Greyscale Image Colorization (best in class)

TL;DR

Built a U-Net-based model in PyTorch to colorize grayscale driving scene images by predicting the a and b channels of the Lab color space. Achieved strong results on the validation set with an MSE of ~5.77 and a clean architectural implementation using modular PyTorch blocks.

Greyscale Image Colorization (best in class) preview

Motivation & Context

This project was developed as part of an advanced machine learning course where we were asked to choose and solve an image-to-image translation task. I selected image colorization - converting grayscale images into colored versions - as it combines low-level spatial understanding with semantic reasoning, particularly challenging in real-world driving scenes.

Model Architecture

I implemented a U-Net architecture, inspired by the original paper “U-Net: Convolutional Networks for Biomedical Image Segmentation” by Ronneberger et al., but adapted it carefully for the colorization task. The model was built in modular components using PyTorch:

  • ConvBlock: Each block included two Conv2d layers, each followed by BatchNorm2d and ReLU.
  • DownBlock: Each encoder block combined a ConvBlock and MaxPool2d for spatial downsampling. The implementation returned both the downsampled output and the intermediate ConvBlock result for skip connections. This was a workaround for an earlier bug where I had mistakenly used the output after MaxPooling for skip connections.
  • UpBlock: Used an Upsample layer followed by a Conv2d (kernel size 1) for feature refinement. Initially, I avoided ConvTranspose2d based on advice I read on StackOverflow, though later I realized the U-Net paper itself suggests upsampling with convolution. The main difference was my kernel size (1 instead of 2).
  • Final Output: The model predicted two output channels (a and b in Lab space), with the grayscale input serving as the L channel.

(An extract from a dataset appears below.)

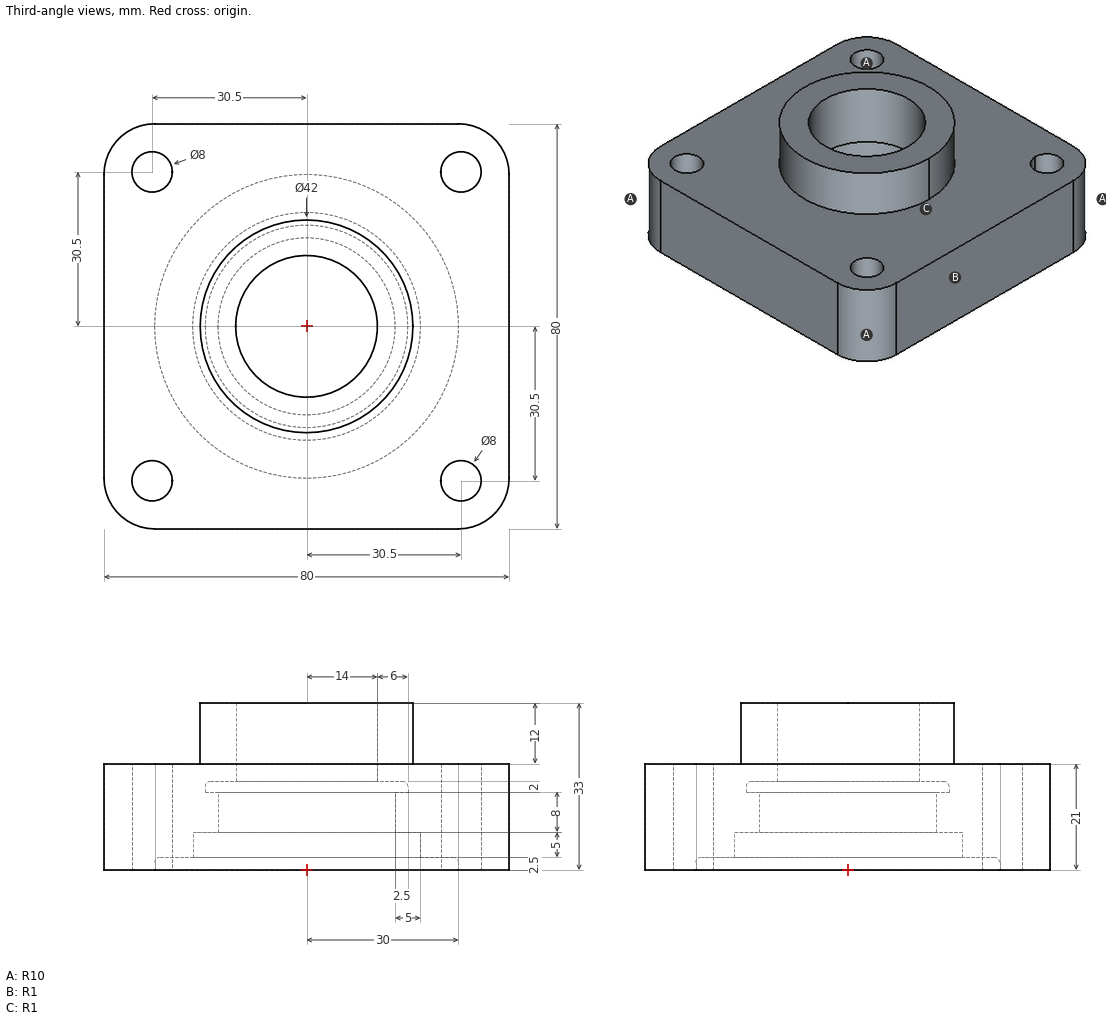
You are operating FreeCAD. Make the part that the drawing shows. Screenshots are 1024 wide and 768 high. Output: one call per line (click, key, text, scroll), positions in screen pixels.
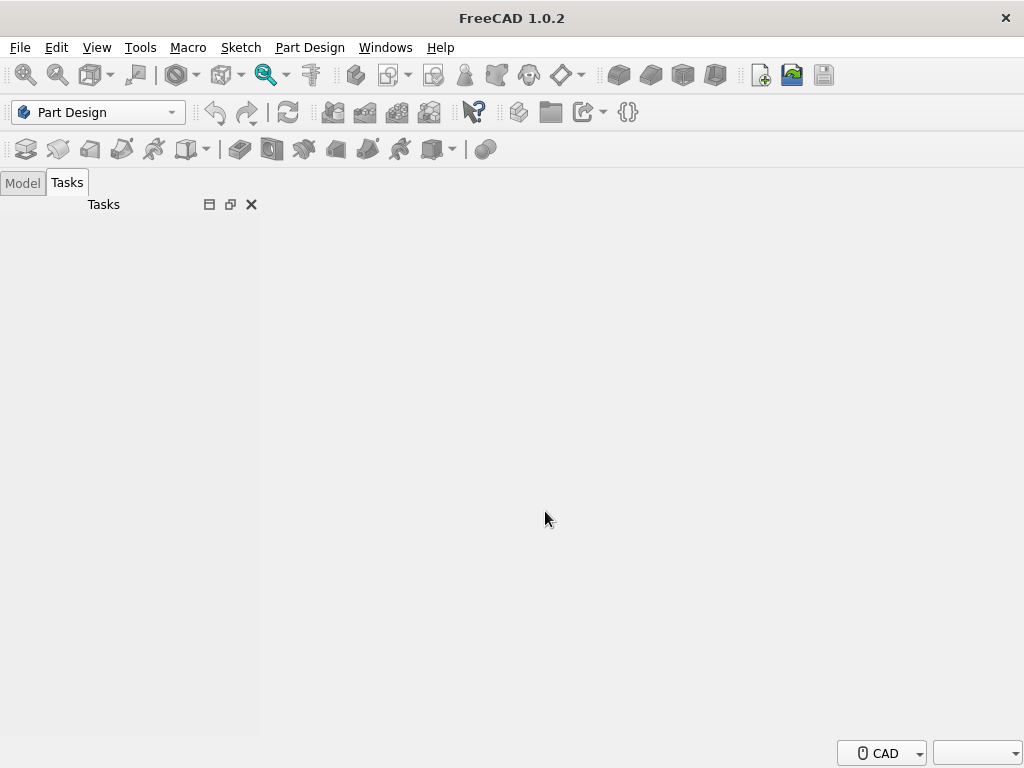
click(760, 76)

The full model followed the classic encoder–bottleneck–decoder structure, with skip connections linking mirrored layers to preserve spatial information.

Training Process

Training presented some initial challenges:

  • I had issues with GPU memory. My GPU couldn't fit larger batch sizes but smaller ones only utilized about 50% of my 8GB GPU, so there’s room for future optimization.
  • I began by training for only 1–2 epochs at a time to inspect early outputs.
  • An initial bug in test data ordering led to an MSE > 500 due to unsorted filenames - which I fixed later.

Once the pipeline was stable, I ran:

  • Two training runs (10 epochs each) at learning rates 1e-3 and 3e-4 → achieved MSE ≈ 6.5.
  • Added a learning rate scheduler to decay LR from 1e-3 to 1/20 over 30 epochs → final MSE: 5.7691.

Validation accuracy was tracked; no signs of overfitting appeared, likely due to low variance between training and validation sets (since both came from the same test drive).

Although I considered adding data augmentation and integrating the other challenge dataset, GPU conversion issues made further experimentation impractical in the available time.

Reflections

This project taught me how to:

  • Build and debug complex CNN architectures.
  • Think pragmatically - sometimes the simplest architectural fix is the right one.
  • Measure real-world model performance with both metrics (MSE) and visuals.
  • Balance time, performance, and GPU limits in a real research workflow.